Exercise objective: Write out all the data verbatim. Skip images.

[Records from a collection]
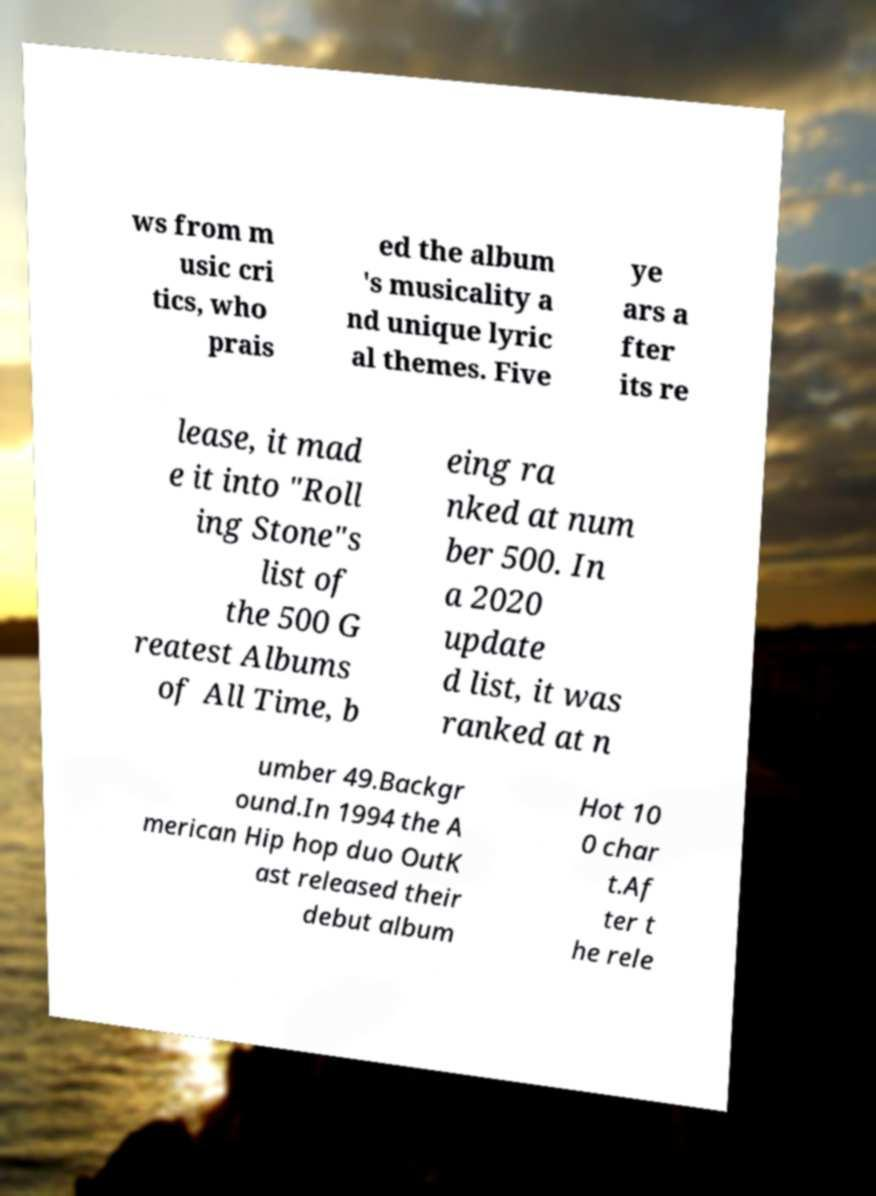Could you assist in decoding the text presented in this image and type it out clearly? ws from m usic cri tics, who prais ed the album 's musicality a nd unique lyric al themes. Five ye ars a fter its re lease, it mad e it into "Roll ing Stone"s list of the 500 G reatest Albums of All Time, b eing ra nked at num ber 500. In a 2020 update d list, it was ranked at n umber 49.Backgr ound.In 1994 the A merican Hip hop duo OutK ast released their debut album Hot 10 0 char t.Af ter t he rele 
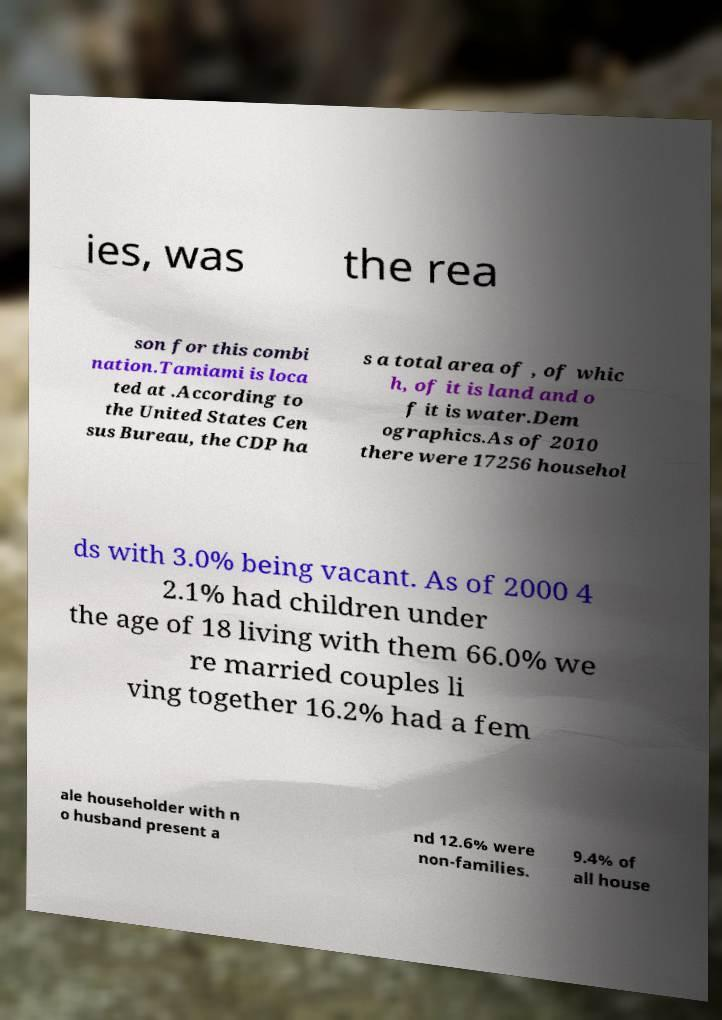I need the written content from this picture converted into text. Can you do that? ies, was the rea son for this combi nation.Tamiami is loca ted at .According to the United States Cen sus Bureau, the CDP ha s a total area of , of whic h, of it is land and o f it is water.Dem ographics.As of 2010 there were 17256 househol ds with 3.0% being vacant. As of 2000 4 2.1% had children under the age of 18 living with them 66.0% we re married couples li ving together 16.2% had a fem ale householder with n o husband present a nd 12.6% were non-families. 9.4% of all house 
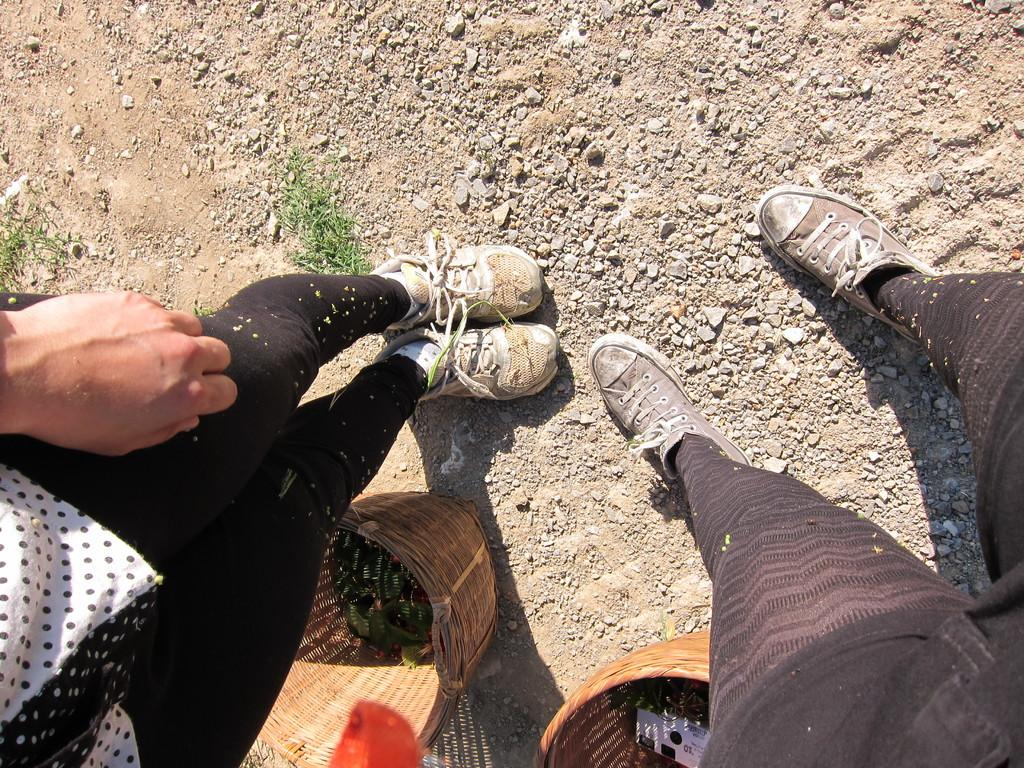How many people are present in the image? There are two persons in the image, as indicated by the presence of two sets of legs. What objects can be seen at the bottom of the image? There are two baskets at the bottom of the image. What type of natural elements are visible in the image? There are stones and grass visible in the image. What type of slope can be seen in the image? There is no slope present in the image; it features legs, baskets, stones, and grass. 
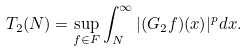<formula> <loc_0><loc_0><loc_500><loc_500>T _ { 2 } ( N ) = \sup _ { f \in F } \int ^ { \infty } _ { N } | ( G _ { 2 } f ) ( x ) | ^ { p } d x .</formula> 
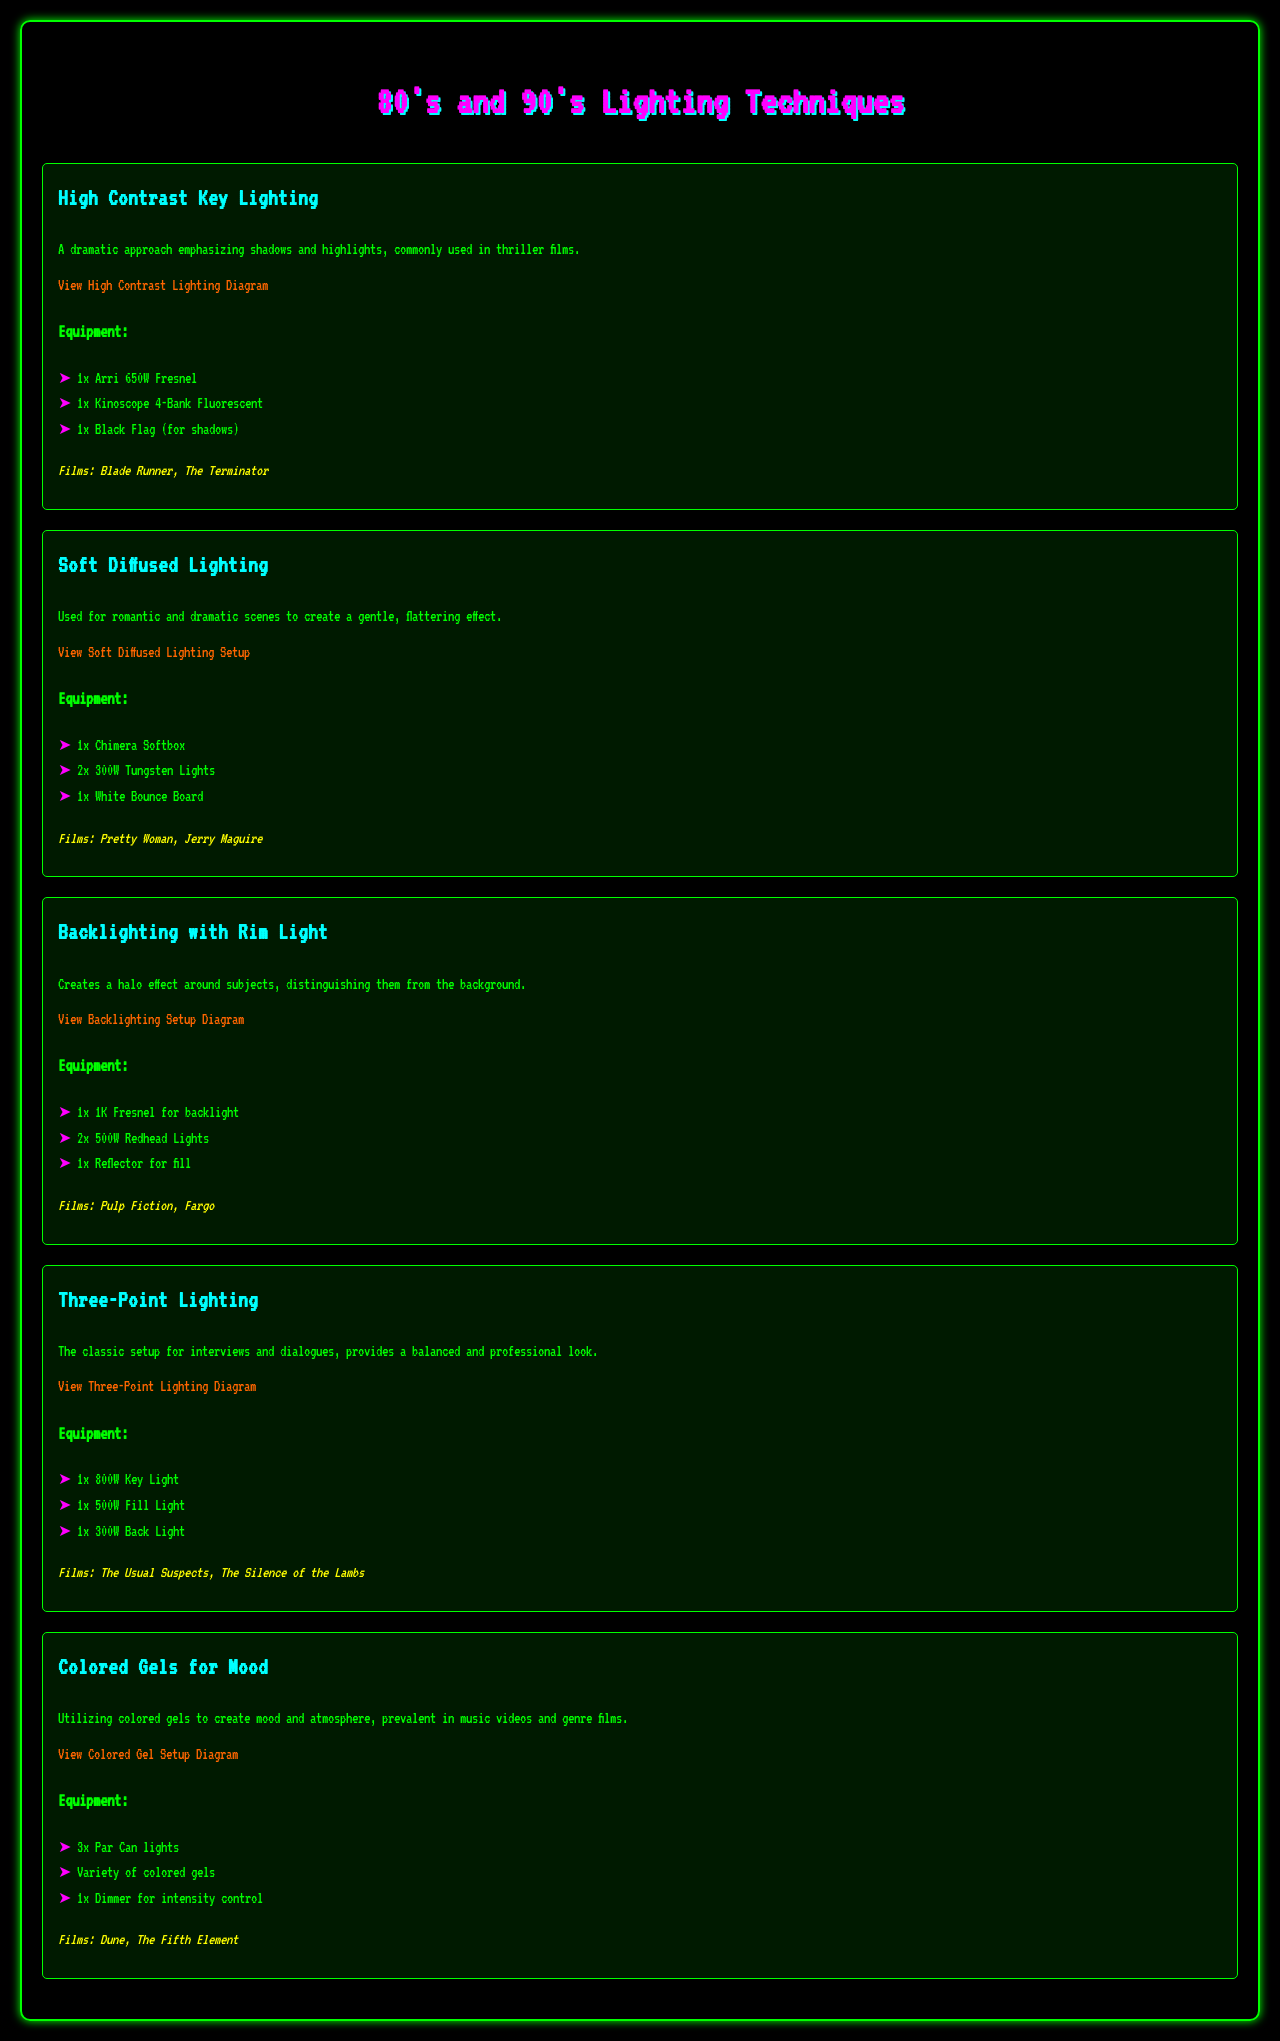What is the first lighting technique listed in the document? The first lighting technique mentioned in the document is "High Contrast Key Lighting."
Answer: High Contrast Key Lighting How many lights are used in the Soft Diffused Lighting setup? The Soft Diffused Lighting setup uses three lights according to the equipment list.
Answer: 3 Which film is associated with Backlighting with Rim Light? The film "Pulp Fiction" is specifically noted under the Backlighting with Rim Light technique.
Answer: Pulp Fiction What type of light is used as the key light in the Three-Point Lighting setup? The equipment list specifies "800W Key Light" as the key light used in this setup.
Answer: 800W Key Light What are colored gels primarily used for in the document? Colored gels are utilized to create mood and atmosphere, as indicated in the description.
Answer: Mood and atmosphere How many equipment items are listed for the Colored Gels for Mood technique? The Colored Gels for Mood technique lists three equipment items in the document.
Answer: 3 What color are the highlighted elements in the headings? The headings feature a cyan color for emphasis as stated in the style section.
Answer: Cyan Which film is mentioned alongside the High Contrast Key Lighting technique? "Blade Runner" is one of the films mentioned with the High Contrast Key Lighting technique.
Answer: Blade Runner

Answer:
Could you assist in decoding the text presented in this image and type it out clearly? ws from m usic cri tics, who prais ed the album 's musicality a nd unique lyric al themes. Five ye ars a fter its re lease, it mad e it into "Roll ing Stone"s list of the 500 G reatest Albums of All Time, b eing ra nked at num ber 500. In a 2020 update d list, it was ranked at n umber 49.Backgr ound.In 1994 the A merican Hip hop duo OutK ast released their debut album Hot 10 0 char t.Af ter t he rele 
I need the written content from this picture converted into text. Can you do that? ies, was the rea son for this combi nation.Tamiami is loca ted at .According to the United States Cen sus Bureau, the CDP ha s a total area of , of whic h, of it is land and o f it is water.Dem ographics.As of 2010 there were 17256 househol ds with 3.0% being vacant. As of 2000 4 2.1% had children under the age of 18 living with them 66.0% we re married couples li ving together 16.2% had a fem ale householder with n o husband present a nd 12.6% were non-families. 9.4% of all house 
How many people are present in the image? There are two persons in the image, as indicated by the presence of two sets of legs. What objects can be seen at the bottom of the image? There are two baskets at the bottom of the image. What type of natural elements are visible in the image? There are stones and grass visible in the image. What type of slope can be seen in the image? There is no slope present in the image; it features legs, baskets, stones, and grass. 
<formula> <loc_0><loc_0><loc_500><loc_500>T _ { 2 } ( N ) = \sup _ { f \in F } \int ^ { \infty } _ { N } | ( G _ { 2 } f ) ( x ) | ^ { p } d x .</formula> 
What is the first lighting technique listed in the document? The first lighting technique mentioned in the document is "High Contrast Key Lighting."
Answer: High Contrast Key Lighting How many lights are used in the Soft Diffused Lighting setup? The Soft Diffused Lighting setup uses three lights according to the equipment list.
Answer: 3 Which film is associated with Backlighting with Rim Light? The film "Pulp Fiction" is specifically noted under the Backlighting with Rim Light technique.
Answer: Pulp Fiction What type of light is used as the key light in the Three-Point Lighting setup? The equipment list specifies "800W Key Light" as the key light used in this setup.
Answer: 800W Key Light What are colored gels primarily used for in the document? Colored gels are utilized to create mood and atmosphere, as indicated in the description.
Answer: Mood and atmosphere How many equipment items are listed for the Colored Gels for Mood technique? The Colored Gels for Mood technique lists three equipment items in the document.
Answer: 3 What color are the highlighted elements in the headings? The headings feature a cyan color for emphasis as stated in the style section.
Answer: Cyan Which film is mentioned alongside the High Contrast Key Lighting technique? "Blade Runner" is one of the films mentioned with the High Contrast Key Lighting technique.
Answer: Blade Runner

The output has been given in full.